Wales Social Care Crisis Surges As ONS Data Reveals One In Ten People Provide Unpaid Care

New data released by the ONS has revealed one in ten people across Wales provide unpaid care for a loved one.

Port Talbot, Caerphilly and Torfaen are the three Welsh regions most impacted by the country’s care crisis – with the highest proportions of unpaid carers across the UK.

As Wales, care crisis continues to rise, new research from Lottie (a later living marketplace) reveals more unpaid caregivers have turned to Google for advice on coping with the financial implications of providing unpaid care for their loved one over the last 12 months:

100% increase in online searches for ‘unpaid carers allowance’
80% increase in online searches for ‘unpaid carer’
57% increase in online searches for ‘unpaid carer Wales’
57% increase in online searches for ‘home help for the elderly’

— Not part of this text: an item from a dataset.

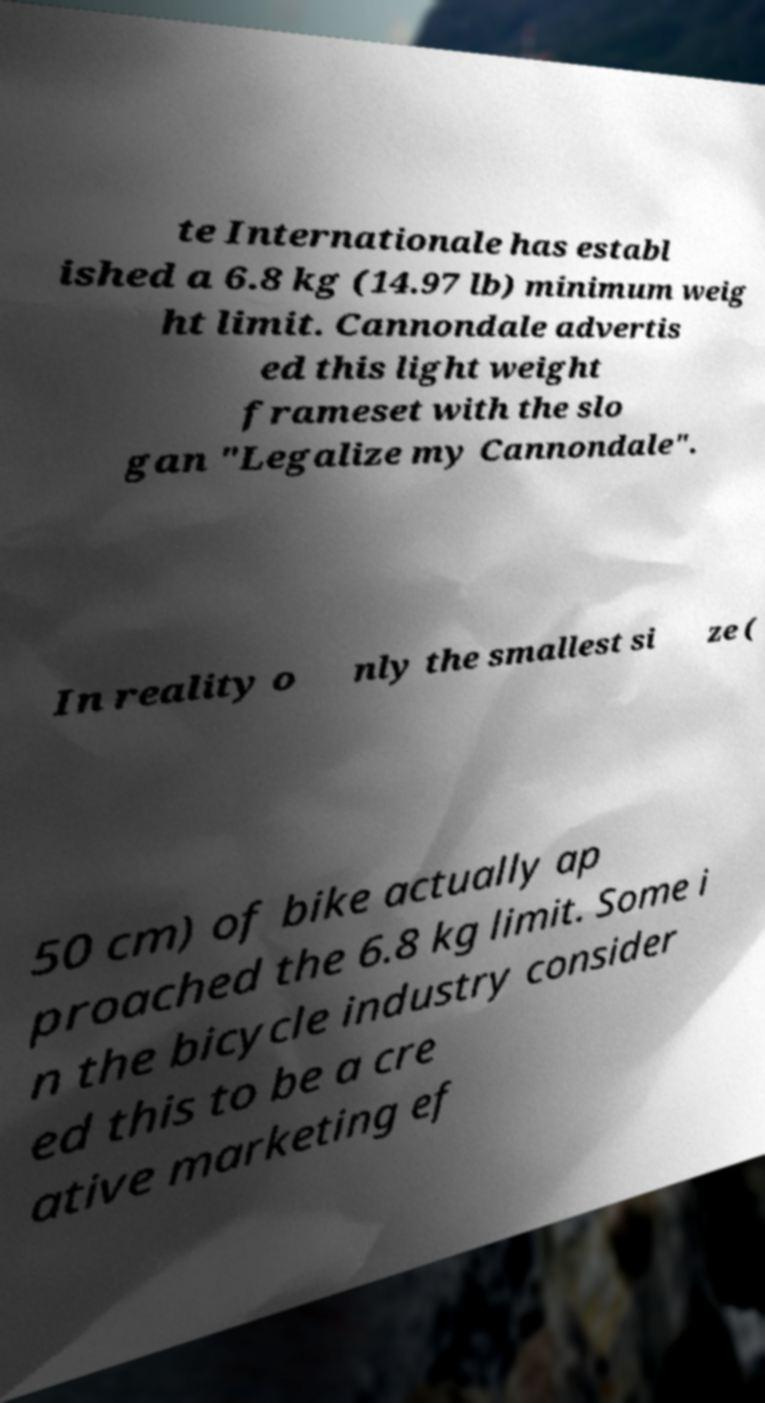Please read and relay the text visible in this image. What does it say? te Internationale has establ ished a 6.8 kg (14.97 lb) minimum weig ht limit. Cannondale advertis ed this light weight frameset with the slo gan "Legalize my Cannondale". In reality o nly the smallest si ze ( 50 cm) of bike actually ap proached the 6.8 kg limit. Some i n the bicycle industry consider ed this to be a cre ative marketing ef 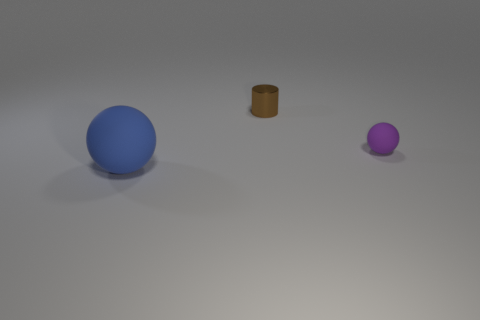Subtract all purple spheres. How many spheres are left? 1 Add 3 cylinders. How many objects exist? 6 Subtract 1 balls. How many balls are left? 1 Add 2 small yellow shiny cubes. How many small yellow shiny cubes exist? 2 Subtract 0 yellow cylinders. How many objects are left? 3 Subtract all cylinders. How many objects are left? 2 Subtract all brown spheres. Subtract all brown cylinders. How many spheres are left? 2 Subtract all cyan cylinders. How many cyan balls are left? 0 Subtract all yellow metal blocks. Subtract all big objects. How many objects are left? 2 Add 3 tiny balls. How many tiny balls are left? 4

“We’re now at the tipping point of a caregiver crisis across Wales, with more people than ever before providing unpaid care for a loved one – on top of coping with the increased spike in the cost of living,” shares Will Donnelly, Care Expert and Co-Founder at Lottie.

“Many of those living in the welsh regions hardest hit by the care crisis have reported ‘bad’ or ‘very bad’ health. With a lack of social care support it’s no surprise the wellbeing of carers and those they look after have declined.

The Government urgently needs to recognise the social care crisis that’s unravelling: all unpaid carers – whether they’re in employment or not – need financial, wellbeing and practical support. It isn’t enough to recognise the crisis; we need clear guidelines on the support available.

There is a risk that unpaid carers and the elderly community will become isolated, without the right support. Social isolation can have a devastating impact on your physical health and mental wellbeing, including higher levels of stress, increased feelings of depression and burnout.

Right now, we need to place even more pressure on the Government to ensure there’s enough support for unpaid carers across the country.”, concludes Donnelly.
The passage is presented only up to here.